*** ENTRIES SUPPLIED ***

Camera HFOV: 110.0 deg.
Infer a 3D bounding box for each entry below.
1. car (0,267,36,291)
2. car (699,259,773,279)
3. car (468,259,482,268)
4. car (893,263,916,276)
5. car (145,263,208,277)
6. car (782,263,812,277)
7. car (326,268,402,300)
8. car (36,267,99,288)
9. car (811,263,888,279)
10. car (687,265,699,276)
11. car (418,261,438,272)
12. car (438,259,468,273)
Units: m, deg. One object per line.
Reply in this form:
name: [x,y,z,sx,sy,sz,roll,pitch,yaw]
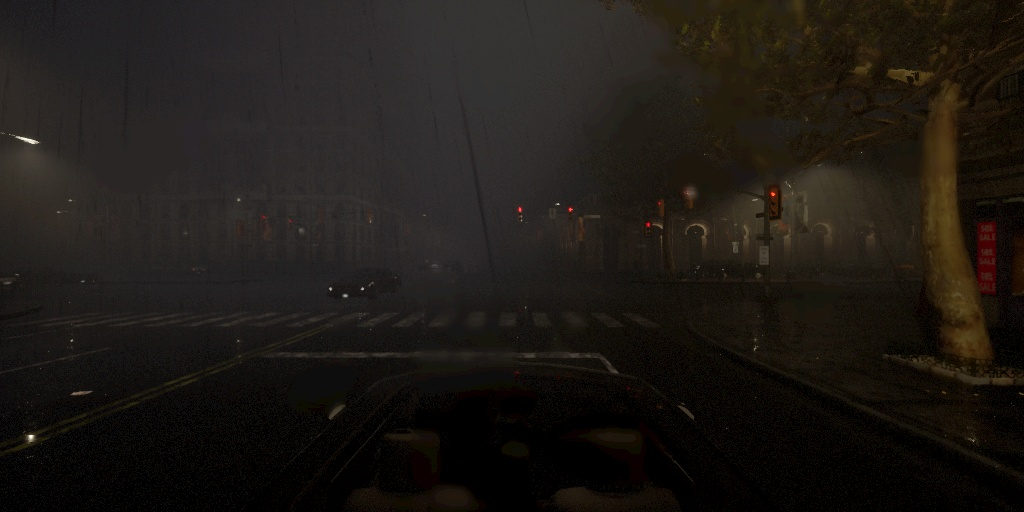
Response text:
car: [-30.499,1.242,19.988,4.902,1.511,2.128,0,0,1]
car: [19.436,1.255,31.231,4.892,1.490,1.837,0,0,1]
car: [-6.877,1.351,62.172,1.895,1.301,4.718,0,0,1]
car: [39.859,1.228,34.536,5.008,1.535,1.882,0,0,1]
car: [-32.903,1.351,35.167,4.718,1.301,1.895,0,0,1]
car: [29.396,1.351,34.642,4.718,1.301,1.895,0,0,1]
car: [-7.053,1.297,17.834,2.033,1.411,5.357,0,0,0]
car: [-30.277,1.351,23.485,4.718,1.301,1.895,0,0,1]
car: [29.383,1.351,31.142,4.718,1.301,1.895,0,0,1]
car: [19.456,1.102,34.733,4.553,1.767,2.097,0,0,0]
car: [-10.459,1.297,45.568,2.033,1.411,5.357,0,0,0]
car: [-6.970,1.242,42.745,2.128,1.511,4.902,0,0,0]
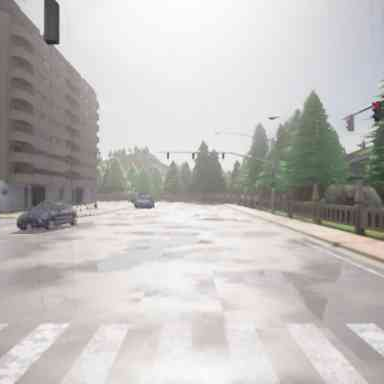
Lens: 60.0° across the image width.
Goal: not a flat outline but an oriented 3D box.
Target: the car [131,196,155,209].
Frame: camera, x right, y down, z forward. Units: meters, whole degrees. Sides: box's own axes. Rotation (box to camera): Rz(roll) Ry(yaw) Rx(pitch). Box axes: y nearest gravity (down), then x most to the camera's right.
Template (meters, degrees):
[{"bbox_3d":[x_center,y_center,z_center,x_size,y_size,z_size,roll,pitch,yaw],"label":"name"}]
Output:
[{"bbox_3d":[-7.085,1.599,50.164,2.150,2.045,5.566,0,1,5],"label":"car"}]

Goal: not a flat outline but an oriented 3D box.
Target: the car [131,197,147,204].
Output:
[{"bbox_3d":[-12.021,1.879,74.530,1.882,1.535,5.008,0,0,-30],"label":"car"}]

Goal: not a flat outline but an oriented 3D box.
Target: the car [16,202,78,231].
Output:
[{"bbox_3d":[-9.381,1.471,21.928,2.097,1.767,4.553,0,-1,7],"label":"car"}]
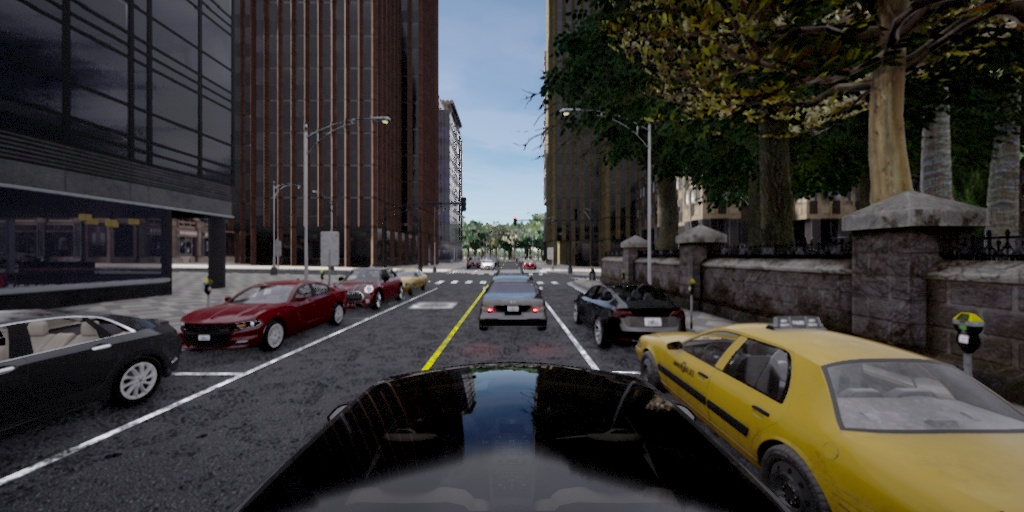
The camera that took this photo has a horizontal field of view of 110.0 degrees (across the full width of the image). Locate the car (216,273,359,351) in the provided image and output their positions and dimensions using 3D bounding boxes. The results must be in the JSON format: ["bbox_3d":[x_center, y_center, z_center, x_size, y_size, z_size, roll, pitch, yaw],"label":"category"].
[{"bbox_3d":[-5.800,1.292,8.986,1.888,1.381,4.507,0,0,0],"label":"car"}]

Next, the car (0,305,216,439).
[{"bbox_3d":[-5.771,1.300,3.529,2.007,1.370,4.403,0,0,0],"label":"car"}]

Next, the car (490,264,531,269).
[{"bbox_3d":[-0.100,1.343,20.637,1.895,1.301,4.718,0,0,0],"label":"car"}]

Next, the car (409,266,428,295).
[{"bbox_3d":[-5.858,1.268,19.730,1.751,1.417,4.829,0,0,0],"label":"car"}]

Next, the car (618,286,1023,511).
[{"bbox_3d":[2.753,1.274,3.747,1.751,1.417,4.829,0,0,0],"label":"car"}]

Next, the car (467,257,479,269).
[{"bbox_3d":[-6.058,1.050,57.307,2.192,1.841,5.009,0,0,0],"label":"car"}]

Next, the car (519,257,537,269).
[{"bbox_3d":[2.496,1.176,51.915,1.967,1.591,4.097,0,0,0],"label":"car"}]

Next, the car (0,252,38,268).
[{"bbox_3d":[-48.400,0.328,34.221,4.902,1.511,2.128,1,0,0],"label":"car"}]

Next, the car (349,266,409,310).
[{"bbox_3d":[-5.829,1.184,14.443,1.967,1.591,4.097,0,0,0],"label":"car"}]

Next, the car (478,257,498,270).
[{"bbox_3d":[-3.349,1.262,50.292,1.812,1.442,4.674,0,0,0],"label":"car"}]

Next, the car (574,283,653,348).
[{"bbox_3d":[2.725,1.312,9.034,1.948,1.339,4.313,0,0,0],"label":"car"}]

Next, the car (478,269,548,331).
[{"bbox_3d":[0.022,1.293,10.992,2.033,1.411,5.357,0,0,0],"label":"car"}]
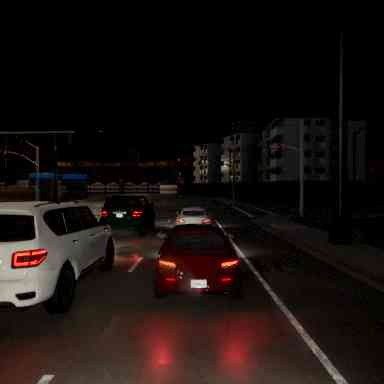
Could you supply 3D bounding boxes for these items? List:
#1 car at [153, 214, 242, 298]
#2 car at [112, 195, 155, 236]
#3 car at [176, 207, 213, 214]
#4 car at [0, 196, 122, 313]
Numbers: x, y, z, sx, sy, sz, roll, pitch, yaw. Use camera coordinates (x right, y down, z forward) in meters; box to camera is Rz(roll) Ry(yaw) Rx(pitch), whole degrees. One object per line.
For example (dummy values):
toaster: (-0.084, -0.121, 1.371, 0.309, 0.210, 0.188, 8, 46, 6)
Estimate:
car: (0.117, 1.521, 8.416, 1.812, 1.442, 4.674, 0, 0, 0)
car: (-3.359, 1.179, 18.131, 2.150, 2.045, 5.566, 0, 0, 0)
car: (0.108, 1.490, 17.503, 1.812, 1.442, 4.674, 0, 0, 1)
car: (-3.386, 1.218, 7.772, 2.150, 2.045, 5.566, 0, 0, 0)
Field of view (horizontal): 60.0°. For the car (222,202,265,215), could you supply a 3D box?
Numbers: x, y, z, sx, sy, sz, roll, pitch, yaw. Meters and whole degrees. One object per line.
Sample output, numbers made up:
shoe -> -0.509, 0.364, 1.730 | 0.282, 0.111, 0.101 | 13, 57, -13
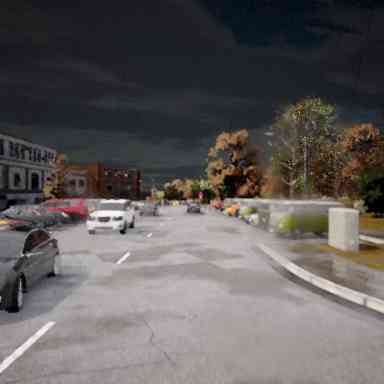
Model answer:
car -> 6.486, 2.105, 42.072 | 4.892, 1.521, 2.231 | 1, -1, -20

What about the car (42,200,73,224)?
car -> -11.403, 1.705, 24.556 | 4.553, 1.767, 2.185 | -1, -1, -20

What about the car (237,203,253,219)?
car -> 6.455, 1.904, 27.350 | 4.674, 1.452, 2.002 | 1, -1, -20

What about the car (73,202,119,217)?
car -> -11.322, 2.065, 39.221 | 5.008, 1.535, 2.097 | 0, -1, -20

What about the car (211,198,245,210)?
car -> 6.520, 2.178, 59.726 | 5.566, 2.045, 2.435 | 1, -1, -20

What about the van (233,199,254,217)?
van -> 6.357, 1.681, 30.255 | 4.442, 1.987, 1.878 | 1, -1, -20

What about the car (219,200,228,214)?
car -> 6.312, 2.047, 39.063 | 5.366, 1.575, 1.946 | 1, -1, -20

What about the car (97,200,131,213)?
car -> -11.337, 2.097, 48.016 | 4.553, 1.767, 2.185 | 0, -1, -20

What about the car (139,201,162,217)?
car -> -4.998, 2.080, 39.168 | 1.837, 1.490, 4.892 | 0, -1, 0

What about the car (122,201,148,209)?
car -> -11.259, 2.591, 65.621 | 4.674, 1.452, 2.002 | 0, -1, -20

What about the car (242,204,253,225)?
car -> 6.450, 1.859, 24.405 | 4.674, 1.452, 2.002 | 1, -1, -20

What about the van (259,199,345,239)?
van -> 6.323, 1.507, 18.480 | 4.442, 1.987, 1.878 | 1, -1, -20

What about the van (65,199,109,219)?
van -> -11.447, 1.791, 36.248 | 4.442, 1.987, 1.878 | 0, -1, -20

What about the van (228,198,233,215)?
van -> 6.589, 1.781, 36.230 | 4.442, 1.987, 1.878 | 1, -1, -20

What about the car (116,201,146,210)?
car -> -11.436, 2.494, 62.620 | 5.366, 1.575, 1.946 | 0, -1, -20

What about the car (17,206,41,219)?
car -> -11.351, 1.776, 18.696 | 4.792, 1.488, 2.163 | -1, -1, -20

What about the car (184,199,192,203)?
car -> 0.137, 2.388, 57.008 | 2.128, 1.511, 4.902 | 0, -1, 0

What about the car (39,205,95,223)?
car -> -11.354, 1.961, 30.424 | 4.674, 1.452, 2.002 | 0, -1, -20

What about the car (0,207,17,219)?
car -> -11.566, 1.704, 15.692 | 5.366, 1.575, 1.946 | -1, -1, -20

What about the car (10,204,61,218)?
car -> -11.368, 1.789, 21.623 | 4.892, 1.521, 2.231 | -1, -1, -20

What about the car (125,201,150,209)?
car -> -11.256, 2.607, 68.555 | 4.892, 1.521, 2.231 | 0, -1, -20

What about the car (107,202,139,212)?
car -> -11.260, 2.360, 53.899 | 4.792, 1.488, 2.163 | 0, -1, -20

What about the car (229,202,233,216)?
car -> 6.465, 1.995, 33.243 | 4.674, 1.452, 2.002 | 1, -1, -20

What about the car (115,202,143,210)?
car -> -11.274, 2.481, 59.754 | 4.674, 1.452, 2.002 | 0, -1, -20

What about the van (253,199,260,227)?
van -> 6.548, 1.553, 21.512 | 4.442, 1.987, 1.878 | 1, -1, -20

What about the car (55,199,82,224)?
car -> -11.389, 1.624, 27.480 | 5.566, 2.045, 2.435 | -1, -1, -20

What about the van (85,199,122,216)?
van -> -11.216, 1.889, 42.202 | 4.442, 1.987, 1.878 | 0, -1, -20

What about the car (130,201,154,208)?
car -> -11.229, 2.716, 74.417 | 4.892, 1.521, 2.231 | 0, -1, -20

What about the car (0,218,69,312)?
car -> -4.502, 1.615, 7.886 | 1.837, 1.490, 4.892 | 0, -1, -9

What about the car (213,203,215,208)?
car -> 6.560, 2.405, 56.804 | 4.792, 1.488, 2.163 | 1, -1, -20

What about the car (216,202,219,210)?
car -> 6.537, 2.240, 47.970 | 4.792, 1.488, 2.163 | 1, -1, -20

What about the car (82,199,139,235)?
car -> -5.076, 1.512, 21.550 | 2.150, 2.045, 5.566 | 0, 0, -2

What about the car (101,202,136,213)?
car -> -11.302, 2.277, 50.953 | 4.892, 1.521, 2.231 | 0, -1, -20

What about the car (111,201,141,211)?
car -> -11.291, 2.387, 56.825 | 4.892, 1.521, 2.231 | 0, -1, -20

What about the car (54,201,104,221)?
car -> -11.316, 1.841, 33.365 | 4.553, 1.767, 2.185 | 0, -1, -20

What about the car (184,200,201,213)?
car -> 0.207, 2.232, 46.737 | 1.812, 1.442, 4.674 | 0, -1, 0
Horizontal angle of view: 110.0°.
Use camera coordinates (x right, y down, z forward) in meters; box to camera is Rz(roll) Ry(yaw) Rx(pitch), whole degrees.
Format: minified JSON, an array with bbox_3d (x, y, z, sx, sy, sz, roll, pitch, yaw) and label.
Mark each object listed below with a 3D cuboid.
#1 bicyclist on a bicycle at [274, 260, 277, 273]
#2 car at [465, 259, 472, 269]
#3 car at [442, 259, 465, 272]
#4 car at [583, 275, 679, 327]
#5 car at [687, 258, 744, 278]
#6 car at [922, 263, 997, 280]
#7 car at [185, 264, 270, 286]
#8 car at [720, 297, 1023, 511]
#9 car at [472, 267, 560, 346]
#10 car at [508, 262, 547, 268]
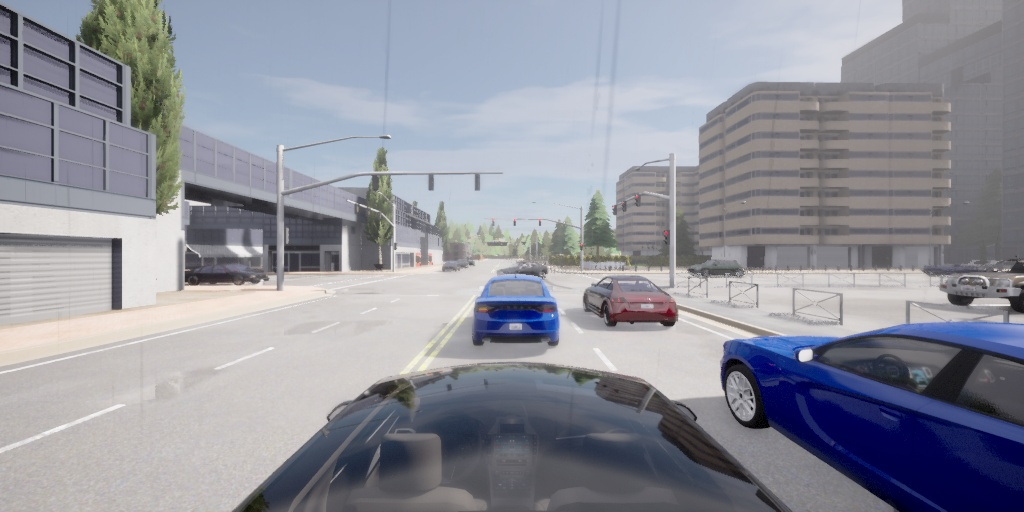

***

--- PROBLEM ---
Using the data above, count the lines where "right" appears. Reply with the number only.

--- RESPONSE ---
3